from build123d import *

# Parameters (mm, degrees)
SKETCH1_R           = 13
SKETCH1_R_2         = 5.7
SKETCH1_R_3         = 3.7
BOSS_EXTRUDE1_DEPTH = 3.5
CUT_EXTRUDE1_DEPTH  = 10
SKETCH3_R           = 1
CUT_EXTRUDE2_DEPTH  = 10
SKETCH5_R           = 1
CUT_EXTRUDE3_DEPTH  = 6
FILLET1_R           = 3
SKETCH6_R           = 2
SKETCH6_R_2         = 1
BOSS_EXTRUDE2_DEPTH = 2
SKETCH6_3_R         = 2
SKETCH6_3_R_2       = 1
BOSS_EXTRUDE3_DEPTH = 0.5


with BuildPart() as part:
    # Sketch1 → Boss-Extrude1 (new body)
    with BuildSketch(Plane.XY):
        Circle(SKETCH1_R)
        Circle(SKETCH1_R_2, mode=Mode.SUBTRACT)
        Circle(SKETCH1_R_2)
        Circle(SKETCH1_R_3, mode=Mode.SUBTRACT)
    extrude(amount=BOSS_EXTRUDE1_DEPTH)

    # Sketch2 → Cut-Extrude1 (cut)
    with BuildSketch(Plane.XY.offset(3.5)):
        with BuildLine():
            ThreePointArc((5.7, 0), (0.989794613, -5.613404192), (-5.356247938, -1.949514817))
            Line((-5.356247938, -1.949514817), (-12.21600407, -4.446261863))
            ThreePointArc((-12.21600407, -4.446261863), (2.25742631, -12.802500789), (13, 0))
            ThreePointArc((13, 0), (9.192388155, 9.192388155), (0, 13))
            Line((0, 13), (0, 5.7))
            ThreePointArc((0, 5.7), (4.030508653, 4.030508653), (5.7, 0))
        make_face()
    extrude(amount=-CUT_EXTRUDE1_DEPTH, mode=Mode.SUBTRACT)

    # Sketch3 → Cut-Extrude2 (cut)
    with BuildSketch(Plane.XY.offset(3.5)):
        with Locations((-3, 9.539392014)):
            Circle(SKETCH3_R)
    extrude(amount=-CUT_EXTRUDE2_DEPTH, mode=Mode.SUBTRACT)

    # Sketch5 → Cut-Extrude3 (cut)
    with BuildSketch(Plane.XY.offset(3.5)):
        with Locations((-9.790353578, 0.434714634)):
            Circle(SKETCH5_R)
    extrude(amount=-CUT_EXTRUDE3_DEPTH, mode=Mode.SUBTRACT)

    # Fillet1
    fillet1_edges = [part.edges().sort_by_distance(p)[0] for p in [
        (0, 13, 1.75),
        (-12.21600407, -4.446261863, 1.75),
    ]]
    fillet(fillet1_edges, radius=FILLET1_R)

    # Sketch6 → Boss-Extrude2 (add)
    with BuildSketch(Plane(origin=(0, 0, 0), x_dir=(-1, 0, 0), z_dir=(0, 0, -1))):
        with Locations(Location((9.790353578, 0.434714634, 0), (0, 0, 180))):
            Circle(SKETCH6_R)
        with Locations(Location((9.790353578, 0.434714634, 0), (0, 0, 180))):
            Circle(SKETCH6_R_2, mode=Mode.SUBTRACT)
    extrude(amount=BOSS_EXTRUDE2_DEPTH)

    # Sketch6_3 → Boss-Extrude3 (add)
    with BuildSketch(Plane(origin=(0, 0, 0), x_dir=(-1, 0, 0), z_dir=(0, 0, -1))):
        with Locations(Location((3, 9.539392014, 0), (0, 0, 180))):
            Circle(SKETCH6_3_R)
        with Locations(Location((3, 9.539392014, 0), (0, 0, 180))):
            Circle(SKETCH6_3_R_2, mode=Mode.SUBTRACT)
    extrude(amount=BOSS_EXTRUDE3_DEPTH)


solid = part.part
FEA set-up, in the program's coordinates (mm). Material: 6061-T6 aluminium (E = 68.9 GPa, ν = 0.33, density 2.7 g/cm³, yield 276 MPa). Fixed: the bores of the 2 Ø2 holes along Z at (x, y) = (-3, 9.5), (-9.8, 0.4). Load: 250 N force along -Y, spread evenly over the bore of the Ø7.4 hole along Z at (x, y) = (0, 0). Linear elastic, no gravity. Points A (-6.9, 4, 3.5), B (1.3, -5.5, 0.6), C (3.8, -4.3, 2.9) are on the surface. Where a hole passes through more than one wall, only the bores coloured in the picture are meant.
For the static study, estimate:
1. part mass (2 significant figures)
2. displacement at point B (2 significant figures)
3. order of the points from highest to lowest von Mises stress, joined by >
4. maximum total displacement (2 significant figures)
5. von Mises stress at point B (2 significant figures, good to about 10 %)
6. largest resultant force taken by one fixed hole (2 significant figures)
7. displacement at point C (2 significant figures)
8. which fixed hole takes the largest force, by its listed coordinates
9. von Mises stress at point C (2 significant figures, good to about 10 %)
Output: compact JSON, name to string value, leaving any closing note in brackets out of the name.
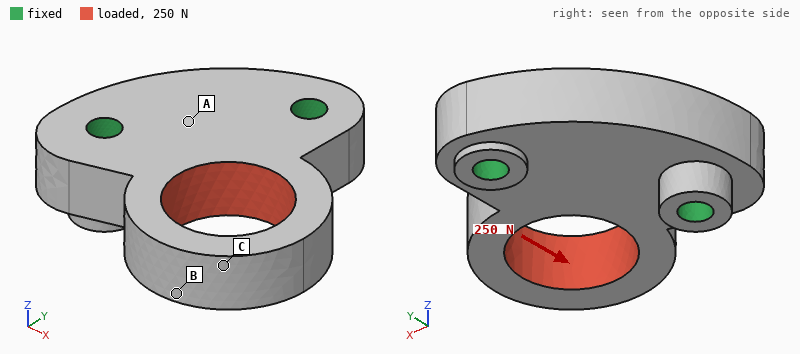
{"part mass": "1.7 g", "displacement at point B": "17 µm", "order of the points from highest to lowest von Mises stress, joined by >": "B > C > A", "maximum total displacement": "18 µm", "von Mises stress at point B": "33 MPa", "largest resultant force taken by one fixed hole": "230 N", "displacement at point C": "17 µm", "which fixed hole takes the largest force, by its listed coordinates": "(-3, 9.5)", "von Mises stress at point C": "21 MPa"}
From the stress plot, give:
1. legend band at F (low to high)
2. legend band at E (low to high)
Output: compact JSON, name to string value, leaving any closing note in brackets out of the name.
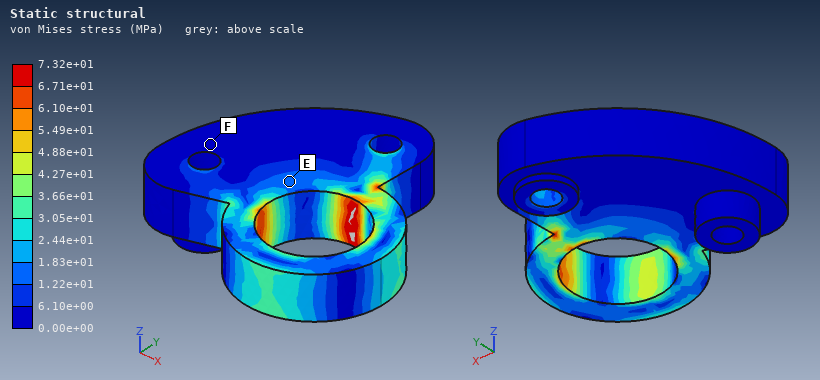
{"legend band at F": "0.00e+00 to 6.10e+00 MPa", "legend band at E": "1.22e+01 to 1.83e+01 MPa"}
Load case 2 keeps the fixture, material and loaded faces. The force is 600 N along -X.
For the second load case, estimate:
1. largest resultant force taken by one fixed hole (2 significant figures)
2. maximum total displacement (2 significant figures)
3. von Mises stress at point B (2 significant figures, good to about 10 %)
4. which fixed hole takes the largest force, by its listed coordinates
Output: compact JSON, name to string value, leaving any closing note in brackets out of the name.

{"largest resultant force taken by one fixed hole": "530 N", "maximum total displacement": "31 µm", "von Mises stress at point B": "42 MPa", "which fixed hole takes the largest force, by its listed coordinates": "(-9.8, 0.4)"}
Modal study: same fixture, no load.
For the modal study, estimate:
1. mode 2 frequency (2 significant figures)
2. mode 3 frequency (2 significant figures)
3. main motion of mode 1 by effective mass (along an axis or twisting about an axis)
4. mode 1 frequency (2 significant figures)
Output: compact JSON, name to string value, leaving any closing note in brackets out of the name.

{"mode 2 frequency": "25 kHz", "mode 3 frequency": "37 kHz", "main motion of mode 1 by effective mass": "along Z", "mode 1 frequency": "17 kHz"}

What you should do >> Nothing but the exact lines from the start of the material through the line holding "Circle(SKETCH1_R_2)", both included, belongs in the answer.

Answer space >>
from build123d import *

# Parameters (mm, degrees)
SKETCH1_R           = 13
SKETCH1_R_2         = 5.7
SKETCH1_R_3         = 3.7
BOSS_EXTRUDE1_DEPTH = 3.5
CUT_EXTRUDE1_DEPTH  = 10
SKETCH3_R           = 1
CUT_EXTRUDE2_DEPTH  = 10
SKETCH5_R           = 1
CUT_EXTRUDE3_DEPTH  = 6
FILLET1_R           = 3
SKETCH6_R           = 2
SKETCH6_R_2         = 1
BOSS_EXTRUDE2_DEPTH = 2
SKETCH6_3_R         = 2
SKETCH6_3_R_2       = 1
BOSS_EXTRUDE3_DEPTH = 0.5


with BuildPart() as part:
    # Sketch1 → Boss-Extrude1 (new body)
    with BuildSketch(Plane.XY):
        Circle(SKETCH1_R)
        Circle(SKETCH1_R_2, mode=Mode.SUBTRACT)
        Circle(SKETCH1_R_2)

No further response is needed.